- _Assignment_: Go through the following data and transcribe exactly the stretch of lines from the one holding "text de burgemeester, [248, 1249, 1152, 1275]" to the one holding "text Artikel 2", both included.

- _Data for analysis_:

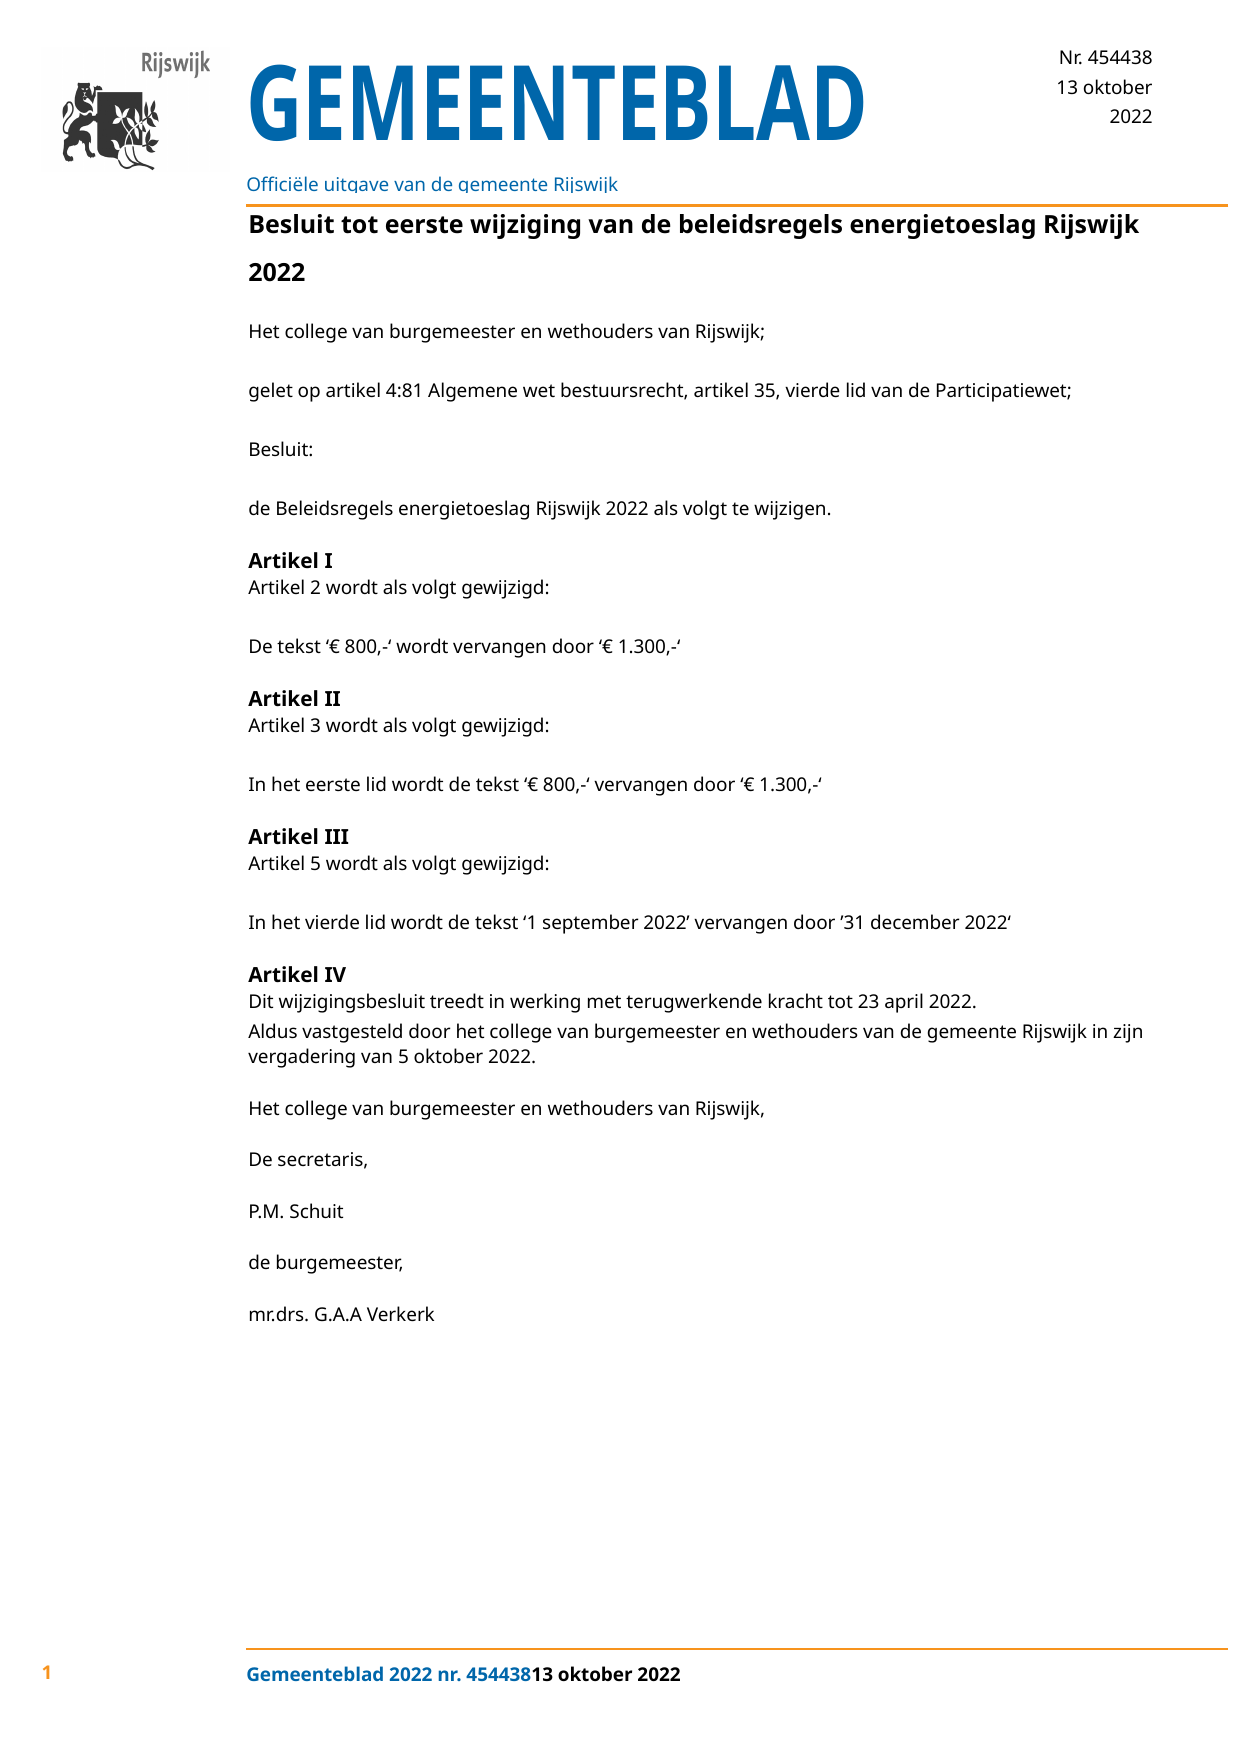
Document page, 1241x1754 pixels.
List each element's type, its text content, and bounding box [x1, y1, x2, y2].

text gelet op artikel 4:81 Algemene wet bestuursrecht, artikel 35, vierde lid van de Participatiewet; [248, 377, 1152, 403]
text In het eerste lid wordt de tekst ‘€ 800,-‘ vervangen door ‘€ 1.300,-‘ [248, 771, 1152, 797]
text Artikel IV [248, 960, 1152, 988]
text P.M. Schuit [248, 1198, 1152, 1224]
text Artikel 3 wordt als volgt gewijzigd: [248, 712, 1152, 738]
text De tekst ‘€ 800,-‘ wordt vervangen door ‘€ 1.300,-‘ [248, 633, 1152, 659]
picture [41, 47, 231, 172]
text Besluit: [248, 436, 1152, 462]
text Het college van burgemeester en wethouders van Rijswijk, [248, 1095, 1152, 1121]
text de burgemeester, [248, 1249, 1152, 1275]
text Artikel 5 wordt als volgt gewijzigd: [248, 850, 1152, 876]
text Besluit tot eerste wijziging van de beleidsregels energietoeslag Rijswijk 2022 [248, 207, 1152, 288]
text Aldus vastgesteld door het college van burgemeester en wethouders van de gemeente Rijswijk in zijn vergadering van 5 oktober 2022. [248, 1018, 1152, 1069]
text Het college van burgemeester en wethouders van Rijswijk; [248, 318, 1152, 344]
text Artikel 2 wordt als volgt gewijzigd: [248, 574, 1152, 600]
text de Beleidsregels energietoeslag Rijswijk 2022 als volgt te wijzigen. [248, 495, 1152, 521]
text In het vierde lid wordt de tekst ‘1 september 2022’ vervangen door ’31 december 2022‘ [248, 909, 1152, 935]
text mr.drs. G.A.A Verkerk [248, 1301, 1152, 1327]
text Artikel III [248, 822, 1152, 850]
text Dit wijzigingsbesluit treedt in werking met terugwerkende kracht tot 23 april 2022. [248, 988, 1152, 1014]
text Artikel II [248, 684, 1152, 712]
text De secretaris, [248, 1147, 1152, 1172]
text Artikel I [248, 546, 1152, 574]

- _Answer to the problem_:
text de burgemeester, [248, 1249, 1152, 1275]
text Artikel 5 wordt als volgt gewijzigd: [248, 850, 1152, 876]
text Besluit tot eerste wijziging van de beleidsregels energietoeslag Rijswijk 2022 [248, 207, 1152, 288]
text Aldus vastgesteld door het college van burgemeester en wethouders van de gemeente Rijswijk in zijn vergadering van 5 oktober 2022. [248, 1018, 1152, 1069]
text Het college van burgemeester en wethouders van Rijswijk; [248, 318, 1152, 344]
text Artikel 2 wordt als volgt gewijzigd: [248, 574, 1152, 600]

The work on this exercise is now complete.